═══ Recorded information ═══
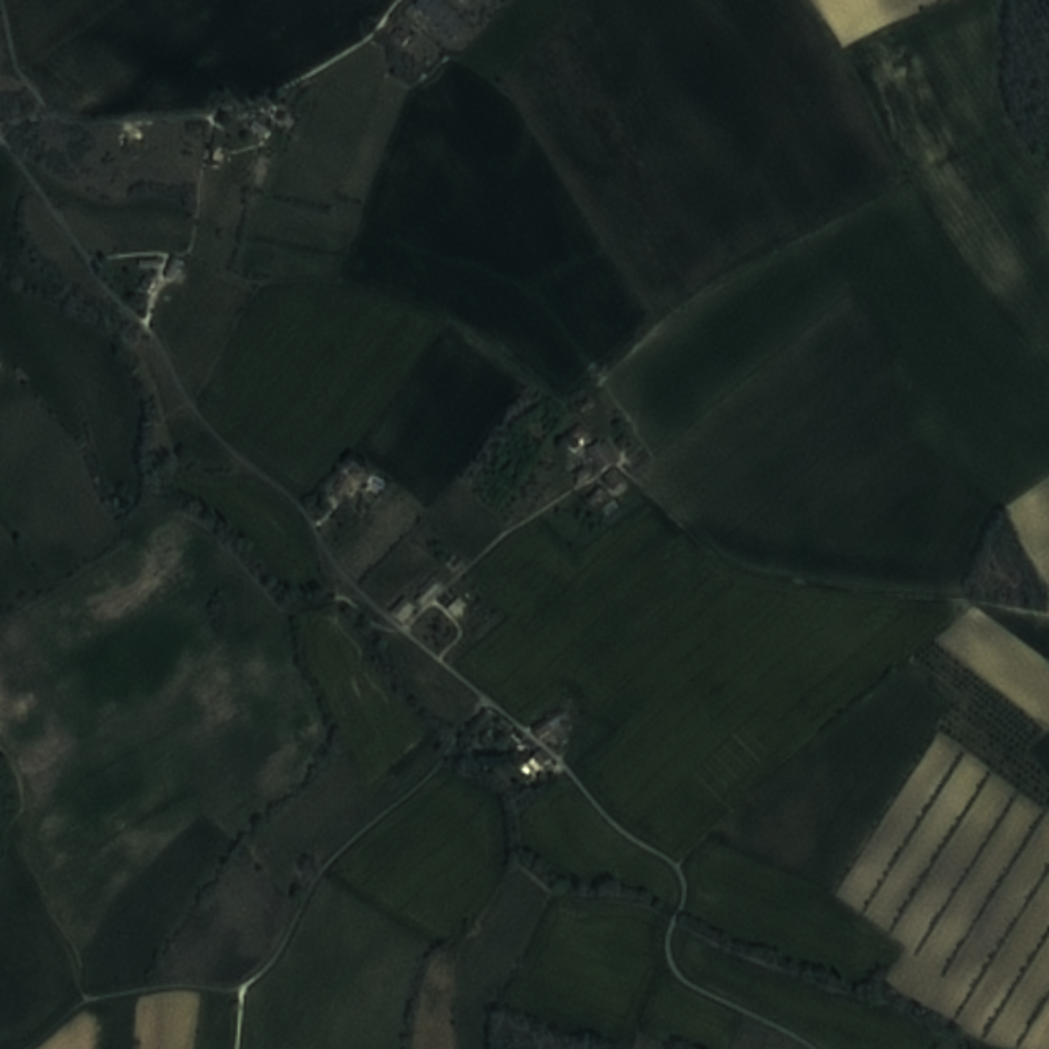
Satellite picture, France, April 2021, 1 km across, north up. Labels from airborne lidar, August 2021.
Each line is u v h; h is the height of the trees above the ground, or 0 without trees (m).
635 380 0
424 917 0
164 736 0
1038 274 0
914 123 0
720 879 0
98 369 0
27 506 0
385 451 0
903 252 0
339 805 0
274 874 0
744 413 0
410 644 0
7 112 12
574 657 0
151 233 0
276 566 0
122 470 0
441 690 0
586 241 0
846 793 0
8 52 0
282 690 0
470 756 12
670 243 0
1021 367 0
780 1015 0
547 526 0
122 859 0
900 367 0
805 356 0
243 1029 0
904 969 0
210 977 0
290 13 0
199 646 0
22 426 0
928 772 0
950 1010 0
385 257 0
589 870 0
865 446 0
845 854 0
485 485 7
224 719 0
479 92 0
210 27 0
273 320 0
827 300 0
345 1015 0
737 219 0
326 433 0
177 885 0
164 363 0
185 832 0
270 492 0
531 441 9
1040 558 0
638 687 0
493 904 0
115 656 0
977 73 0
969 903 0
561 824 0
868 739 0
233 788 0
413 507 0
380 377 0
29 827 0
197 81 0
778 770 0
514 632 0
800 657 0
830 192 0
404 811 0
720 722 0
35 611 0
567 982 0
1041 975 0
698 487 0
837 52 0
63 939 0
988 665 0
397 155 0
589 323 0
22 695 0
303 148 0
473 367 0
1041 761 0
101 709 0
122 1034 0
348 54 0
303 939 0
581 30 0
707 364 0
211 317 0
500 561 0
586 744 0
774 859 0
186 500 15
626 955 0
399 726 0
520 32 0
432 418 0
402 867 0
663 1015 0
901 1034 0
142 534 0
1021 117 17
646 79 0
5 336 0
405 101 0
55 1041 0
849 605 0
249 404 0
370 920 0
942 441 0
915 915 0
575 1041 13
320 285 0
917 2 0
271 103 13
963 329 0
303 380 0
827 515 0
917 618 0
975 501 0
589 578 0
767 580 0
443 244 0
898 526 0
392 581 0
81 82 0
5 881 0
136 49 0
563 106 0
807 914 0
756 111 0
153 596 0
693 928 14
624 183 0
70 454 0
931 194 0
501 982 0
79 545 0
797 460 0
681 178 0
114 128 0
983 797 0
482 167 0
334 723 10
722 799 0
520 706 0
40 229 0
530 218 0
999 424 0
═══
What to do
Write out each entry again exactly, and skip the pictures.

Exercise response
Satellite picture, France, April 2021, 1 km across, north up. Labels from airborne lidar, August 2021.
Each line is u v h; h is the height of the trees above the ground, or 0 without trees (m).
635 380 0
424 917 0
164 736 0
1038 274 0
914 123 0
720 879 0
98 369 0
27 506 0
385 451 0
903 252 0
339 805 0
274 874 0
744 413 0
410 644 0
7 112 12
574 657 0
151 233 0
276 566 0
122 470 0
441 690 0
586 241 0
846 793 0
8 52 0
282 690 0
470 756 12
670 243 0
1021 367 0
780 1015 0
547 526 0
122 859 0
900 367 0
805 356 0
243 1029 0
904 969 0
210 977 0
290 13 0
199 646 0
22 426 0
928 772 0
950 1010 0
385 257 0
589 870 0
865 446 0
845 854 0
485 485 7
224 719 0
479 92 0
210 27 0
273 320 0
827 300 0
345 1015 0
737 219 0
326 433 0
177 885 0
164 363 0
185 832 0
270 492 0
531 441 9
1040 558 0
638 687 0
493 904 0
115 656 0
977 73 0
969 903 0
561 824 0
868 739 0
233 788 0
413 507 0
380 377 0
29 827 0
197 81 0
778 770 0
514 632 0
800 657 0
830 192 0
404 811 0
720 722 0
35 611 0
567 982 0
1041 975 0
698 487 0
837 52 0
63 939 0
988 665 0
397 155 0
589 323 0
22 695 0
303 148 0
473 367 0
1041 761 0
101 709 0
122 1034 0
348 54 0
303 939 0
581 30 0
707 364 0
211 317 0
500 561 0
586 744 0
774 859 0
186 500 15
626 955 0
399 726 0
520 32 0
432 418 0
402 867 0
663 1015 0
901 1034 0
142 534 0
1021 117 17
646 79 0
5 336 0
405 101 0
55 1041 0
849 605 0
249 404 0
370 920 0
942 441 0
915 915 0
575 1041 13
320 285 0
917 2 0
271 103 13
963 329 0
303 380 0
827 515 0
917 618 0
975 501 0
589 578 0
767 580 0
443 244 0
898 526 0
392 581 0
81 82 0
5 881 0
136 49 0
563 106 0
807 914 0
756 111 0
153 596 0
693 928 14
624 183 0
70 454 0
931 194 0
501 982 0
79 545 0
797 460 0
681 178 0
114 128 0
983 797 0
482 167 0
334 723 10
722 799 0
520 706 0
40 229 0
530 218 0
999 424 0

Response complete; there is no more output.